Some might argue this approach is impractical or economically unviable, but this perspective is dangerously short-sighted. The real threat lies in continuing to design as if the life that sustains us doesn't matter and that our wellbeing isn't extricably linked to the health of all living systems. It is. Humanity doesn’t exist in a vacuum—everything is connected.





There’s still hope. Milan's Bosco Verticale incorporates over 900 trees on residential tower facades, absorbing 30 tons of CO2 annually while supporting over 1600 species of birds and insects. The Bullitt Center in Seattle generates 60% more energy than it uses through solar panels, collects and treats rainwater, and uses only non-toxic materials. Singapore's Khoo Teck Puat Hospital has reduced patient recovery times by 20% through incorporating natural light, ventilation, and healing gardens. The Netherlands' Room for the River project addressed flooding by restoring floodplains rather than building higher dikes. One Central Park in Sydney transforms a high rise into a living, breathing ecosystem that enhances biodiversity, improves air quality, reduces energy consumption and rethinks how design interacts with nature.

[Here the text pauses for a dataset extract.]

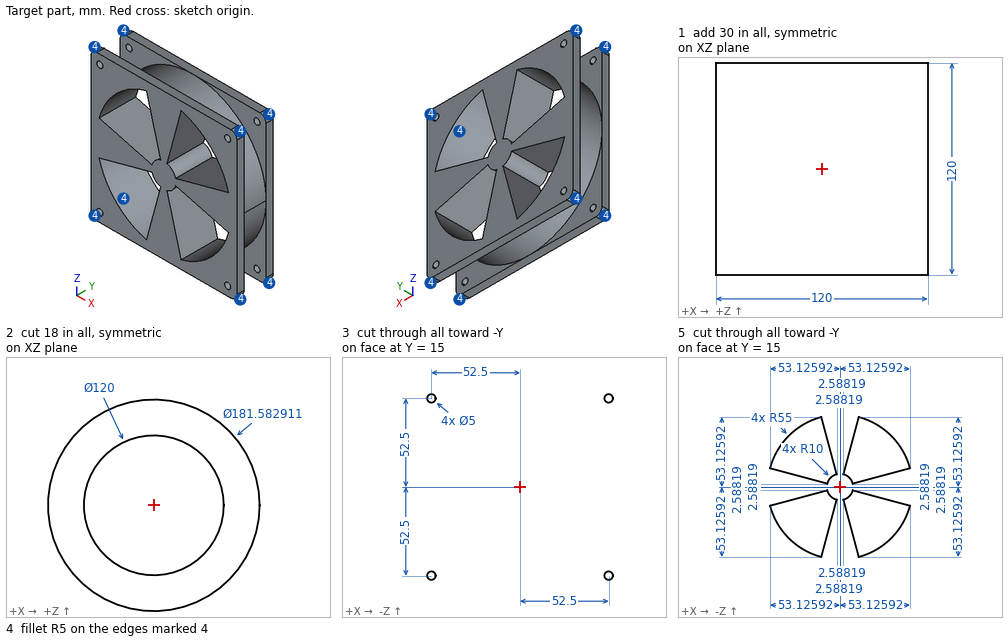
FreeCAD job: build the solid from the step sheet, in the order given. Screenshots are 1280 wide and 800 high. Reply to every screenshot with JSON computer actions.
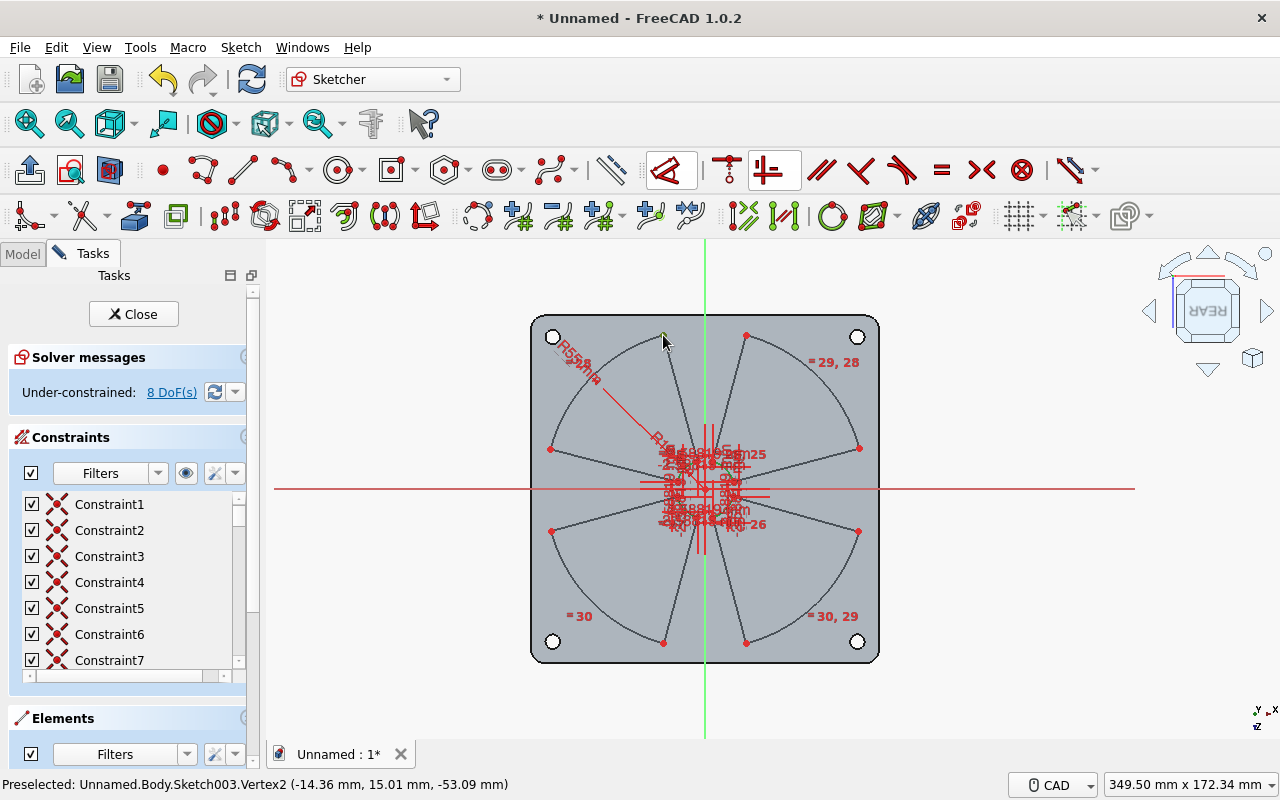
{"action": "left_click", "coordinate": [692, 170]}
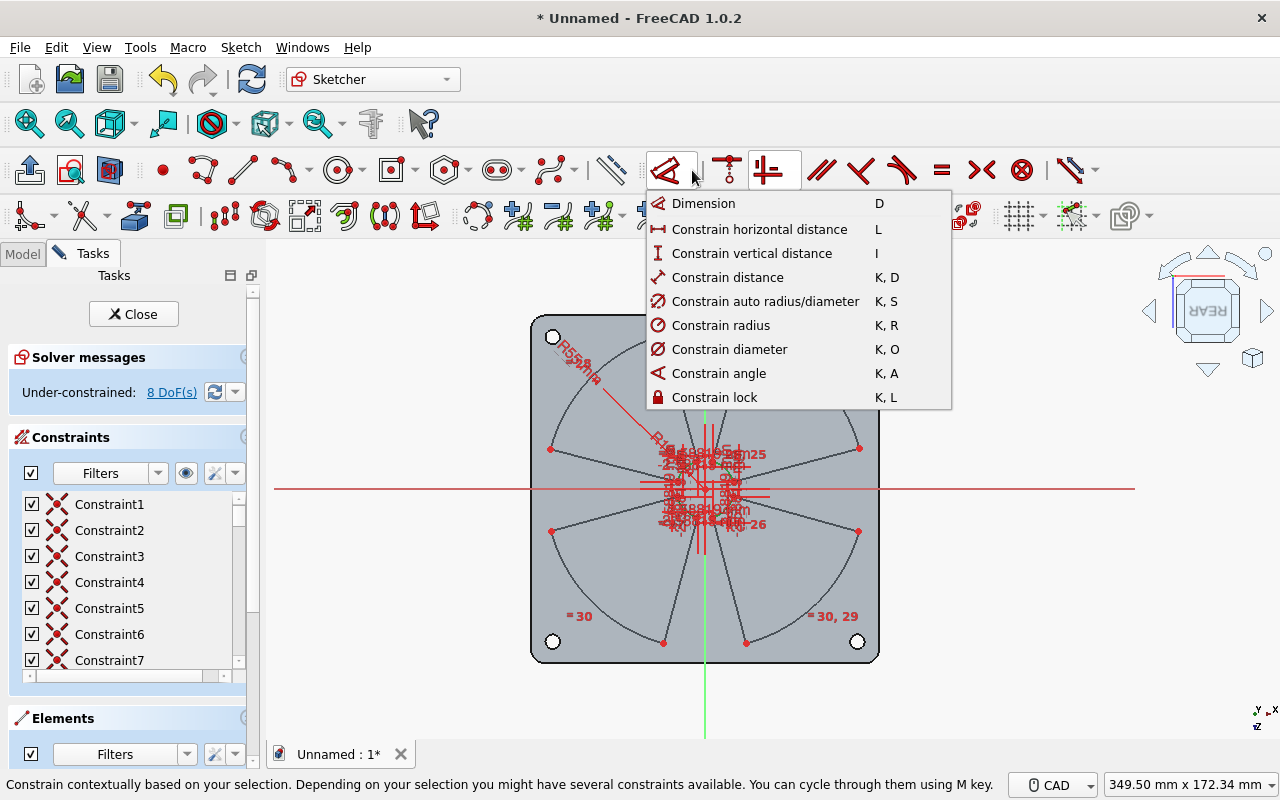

These examples demonstrate that regenerative design, biomimicry and circular economy principles aren't only idealistic concepts but practical, functioning realities delivering measurable benefits. At MEK, we apply these same ecological principles to brand transformation, creating systems where every element—like in nature's most resilient ecosystems—serves multiple purposes beyond aesthetics. By integrating impact and innovation as core structural elements instead of superficial additions, we build brand systems that, like these examples, achieve their primary function while actively creating impact.

2025 is the halfway point of a very critical decade. In order to limit global temperature rises to the 1.5°C agreed by the international community, the IPCC estimates that humanity will need to almost halve its carbon footprint by 2030. Design must transform into a discipline that heals rather than harms or it risks becoming complicit in ecological collapse. Either we redesign our relationship with the natural world or nature will force a much harsher redesign upon us. The time for action is now.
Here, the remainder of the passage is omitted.